Il Piacere di Lavorare

Viaggio in se stessi per ritrovare la passione del fare - Erickson, Gardolo di Trento, 2006.

Dopo tanti anni di consulenza e formazione questo libro doveva essere una svolta. In quegli anni , prima del 2006 quando è stato pubblicato, volevo ridurre un po’ il lavoro nelle organizzazioni, così ho messo per iscritto buona parte di quello che sapevo e delle mie esperienze con l’intento di occuparmi d’altro. Alla fine non è andata affatto così, infatti il testo è diventato un biglietto da visita mio e dell’approccio al lavoro da un punto di vista dell’Analisi Transazionale. Una bella soddisfazione non c’è che dire, anche per il successo del libro, ma anche un impegno ulteriore.

Il lavoro era anche iniziato un po’ prima con il rifacimento di classici questionari, veri e propri pezzi di storia dell’AT ma che non reggevano più alla prova del tempo. Rifare i questionari sugli Stati dell’Io e sulle Spinte, assieme ai colleghi del centro Berne, era un po’ sacrilego allora, ma credo che abbiamo fatto un ottimo lavoro e reso molto più efficace e realistica la descrizione dei comportamenti umani. Invito tutti a usare queste versioni, non per amor proprio o per far comprare il libro, ma perché le edizioni che girano ancora nelle aule di formazione sono veramente superate e mal fatte, per qualche verso, anche all’origine.

Molti leggono questo libro come un percorso di consapevolezza personale, altri lo usano come guida nei corsi aziendali sulla leadership o sulla motivazione al lavoro, ma per me è stato soprattutto un modo per dare un significato trascendente al mio lavoro e offrirne uno ai lettori. Era fin da allora la mia risposta alla domanda “ma che ci faccio qui? Che senso ha la mia vita di lavoro?”

Come poi ho sviluppato in altri scritti successivi, penso soprattutto alla we empowerment, ho cercato di mostrare come il lavoro è per ciascuno di noi una possibilità reale di felicità e di significato. Certo spesso tutto questo è frenato sul nascere da un copione svalutante o deviato per contingenze economiche, ma proprio per questo è necessario batterci ogni giorno, e strenuamente, per difendere la nostra unicità e la nostra opportunità di essere dono per il creato.

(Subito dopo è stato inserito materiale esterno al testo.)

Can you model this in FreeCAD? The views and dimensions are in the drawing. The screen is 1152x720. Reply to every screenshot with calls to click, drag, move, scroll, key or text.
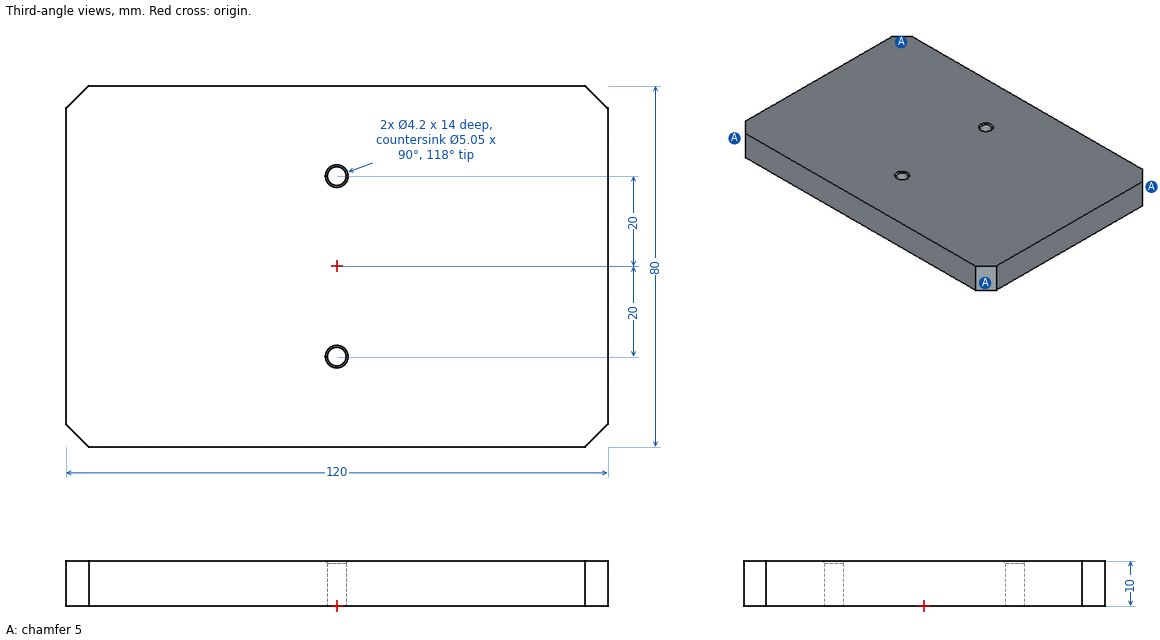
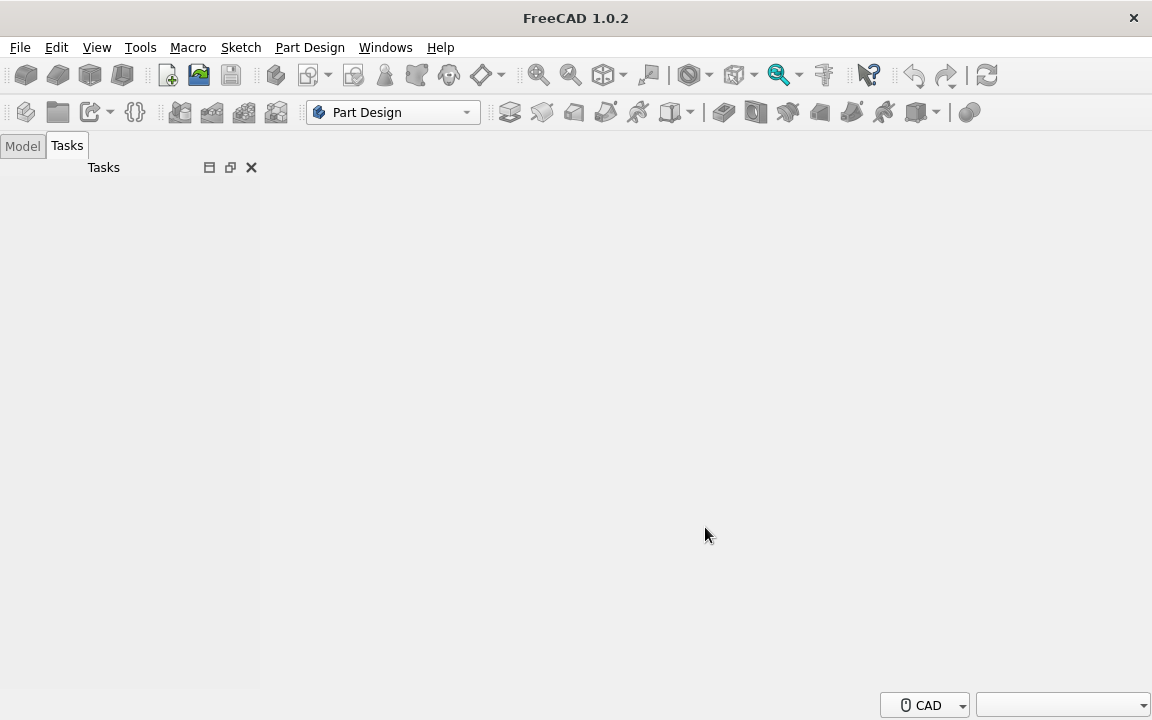
key(ctrl+n)
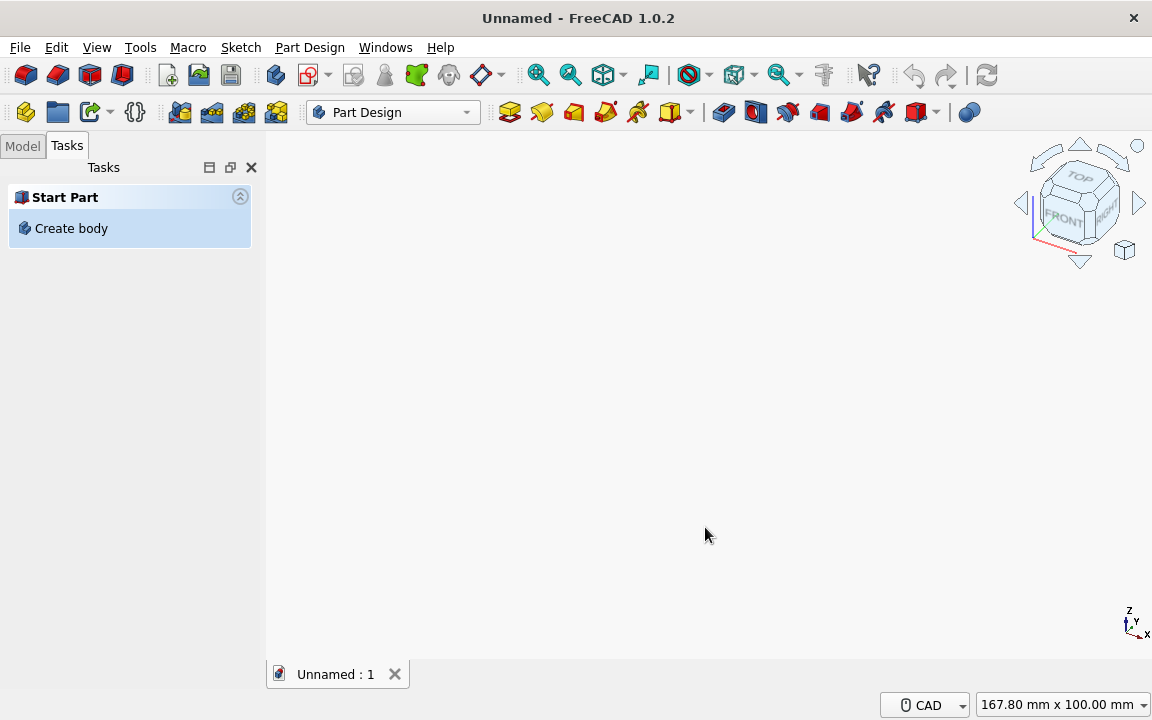
click(308, 76)
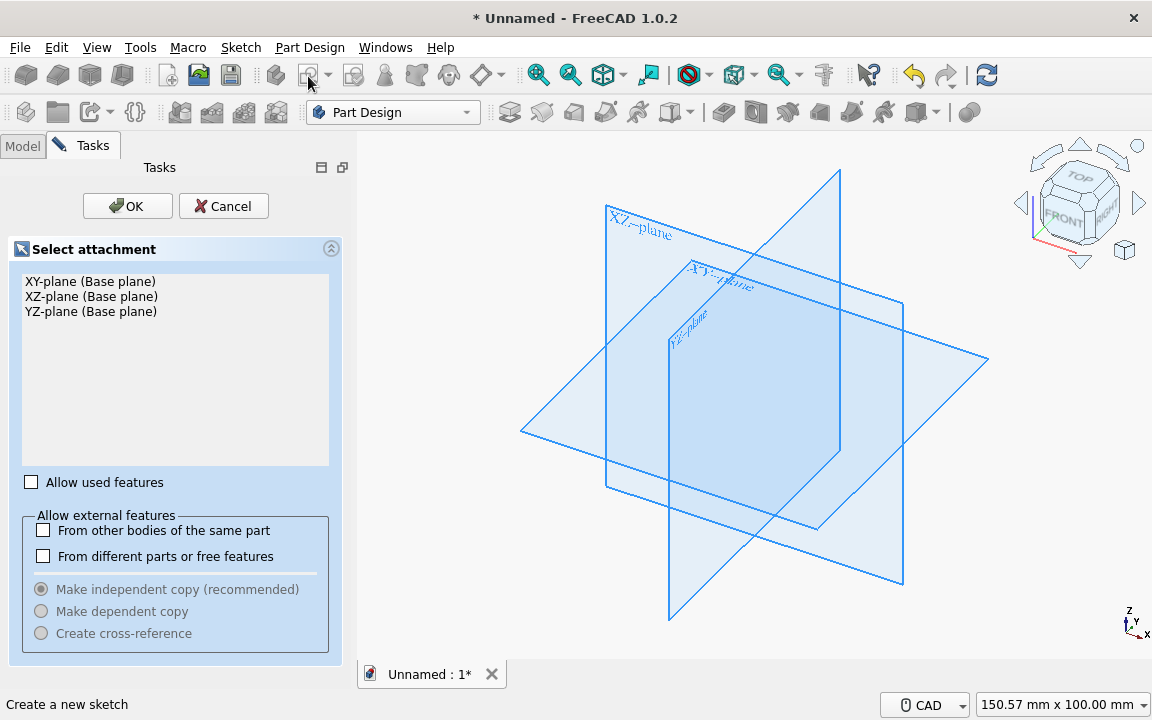
click(82, 282)

Corrado Mazzeo, Serena Banal e gli altri della Erickson sono stati speciali, si sono anche inventati una copertina ironica e sorprendente. Avevo mandato loro il mio dattiloscritto, come a tanti altri editori senza essere conosciuto, e loro lo hanno preso al volo e inserito nella collana “capire con il cuore”. Non potevo capitare meglio.

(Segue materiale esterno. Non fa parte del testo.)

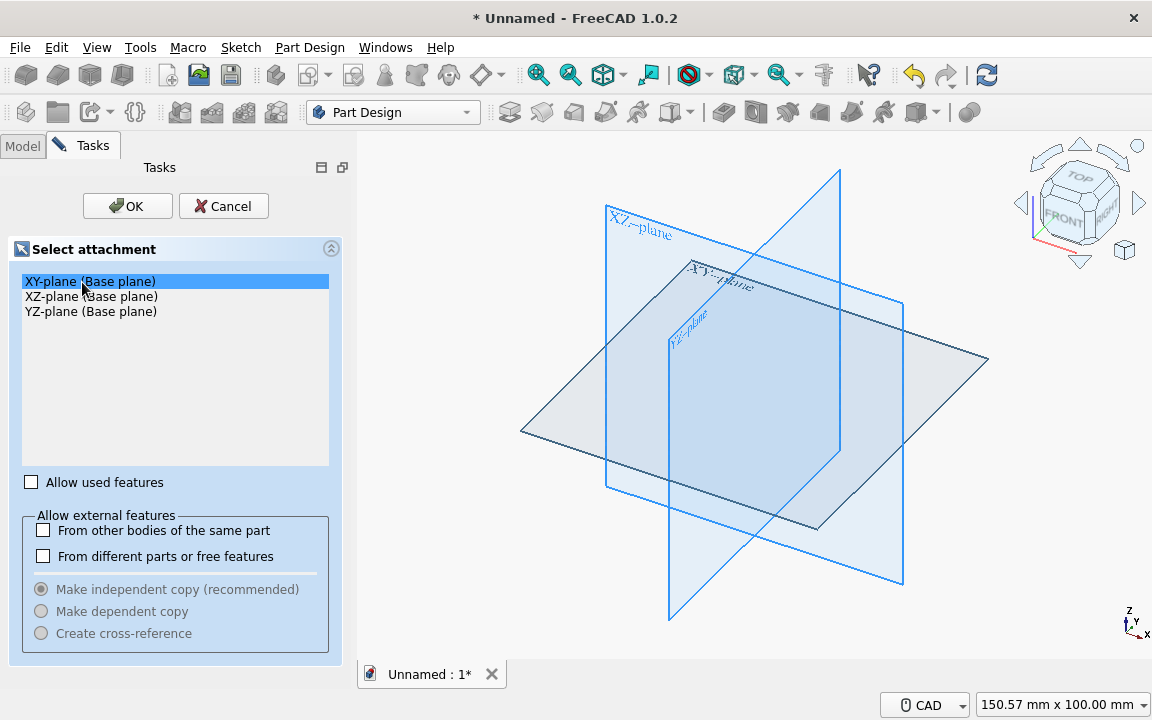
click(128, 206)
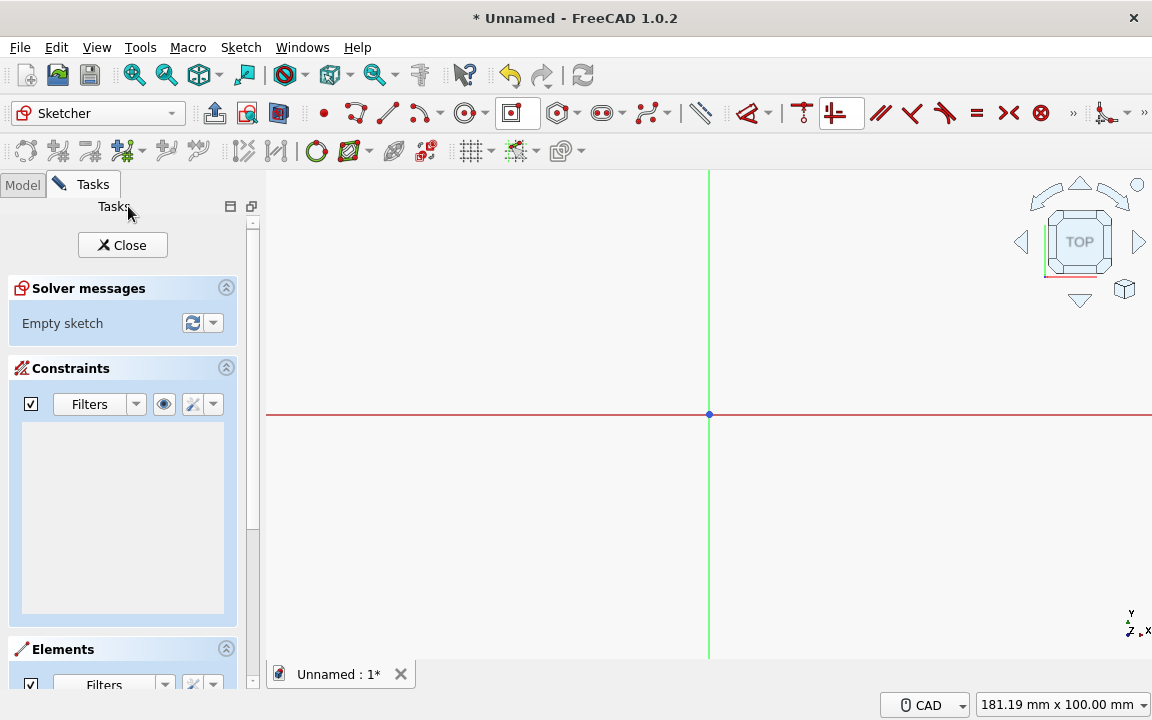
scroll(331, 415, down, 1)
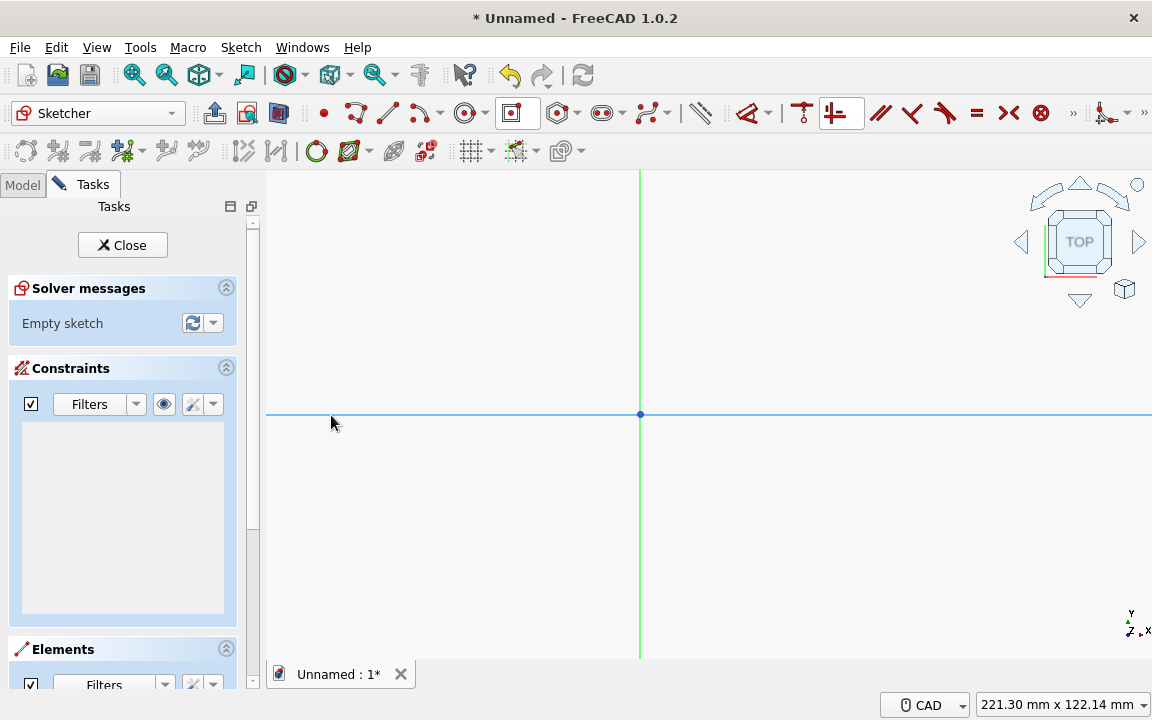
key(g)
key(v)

E poi sono di Trento, la città in cui mi ero laureato nel 1975!

INDICE

Introduzione
“nutre la mente soltanto ciò che la rallegra”

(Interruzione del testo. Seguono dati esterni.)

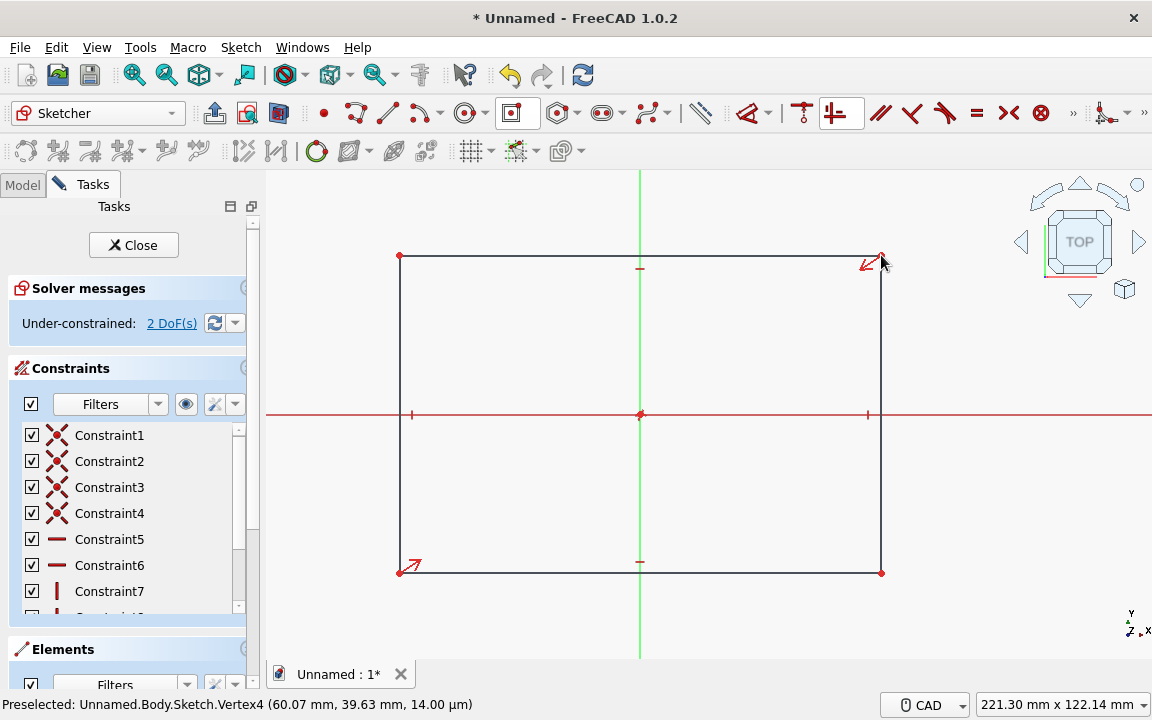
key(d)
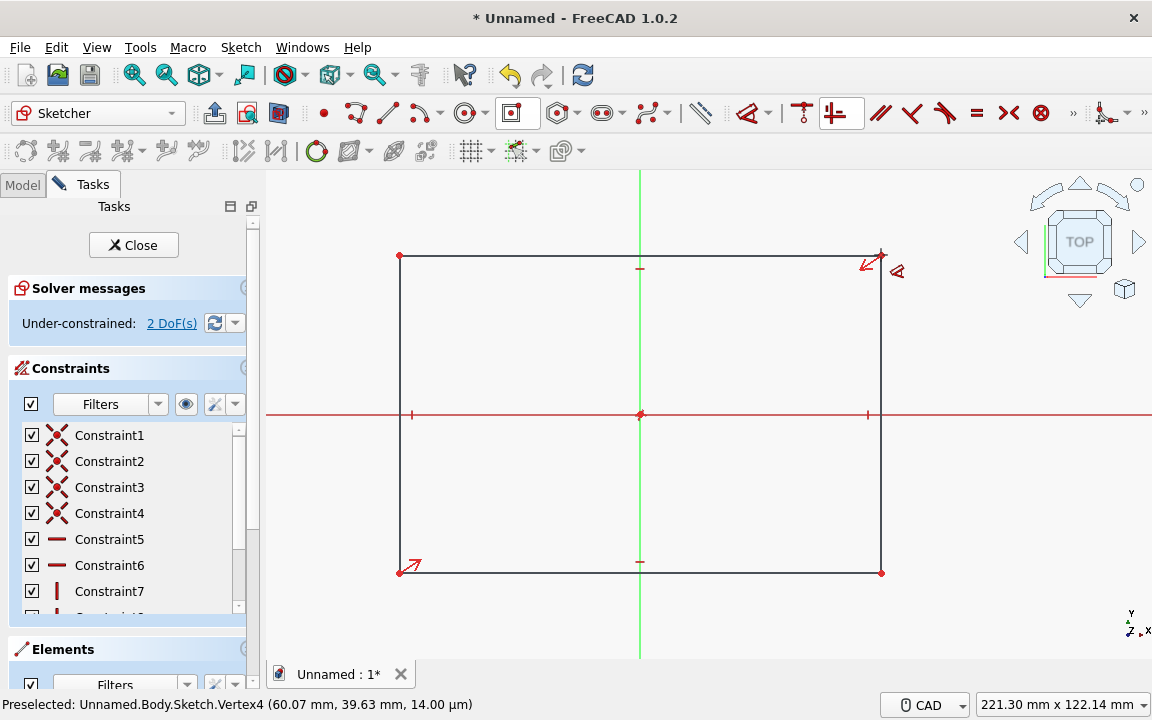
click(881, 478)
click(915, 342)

  1. Conoscere se stessi, come sempre tanto per cominciare
    “ma quando si tratta di noi c'è l'etichetta l'imbarazzo e il terrore”
  2. La formazione della personalità
    “la mia nascita è quando dico un tu.”
  3. Le qualità disponibili per il lavoro
    “in ogni trave c’è un battito di cuore, in ogni pietra”
  4. Il lavoro dei bambini, cominciamo presto!
    “tale preparazione ha la vita perfetta - un passato di tavole, di chiodi, di lentezza- poi l’armatura cade proclamandola un’anima”
  5. Cinque capacità cruciali per il successo sul lavoro,
    e poi la gestione delle emozioni
    “e anch'io solo adesso sono memoria e gratitudine e valore”
  6. Il lavoro attuale: la misurazione della soddisfazione
    “la solitudine che non si osa sondare- e che si vuole indovinare”
  7. Appartenere, affermarsi e crescere, per chi?
    “Soltanto l’ardente pazienza portera’ al raggiungimento
    di una splendida felicità'"
  8. Le "Spinte" individuali: la misurazione del destino obbligato
    “Non riesco ad immaginarmi un sapere più beato di questo: che si debba diventare un principiante”
  9. Smettere di agitarsi, aggiustare il tiro e riprendersi i permessi alla felicità
    “siediti è festa: la tua vita è in tavola”
  10. Il successo “ed avevo quell'andatura incerta che chiamano esperienza”
  11. Oltre il piacere, dare un senso al lavoro
    “sì che tu possa a fondo vedere le cose nascoste”

 

In questo libro ho utilizzato per la prima volta molte poesie, non credevo ce ne fossero sul lavoro, e invece ne ho trovate di meravigliose: Capitini, Cortazar, Ghibran, Hesse, Hikmet, Marquez, Neruda ecc. Hanno finito per diventare una parte integrante della scrittura, come un contrappunto di musica e colore ai contenuti. Qui ne riporto due, una mia e una di Hikmet.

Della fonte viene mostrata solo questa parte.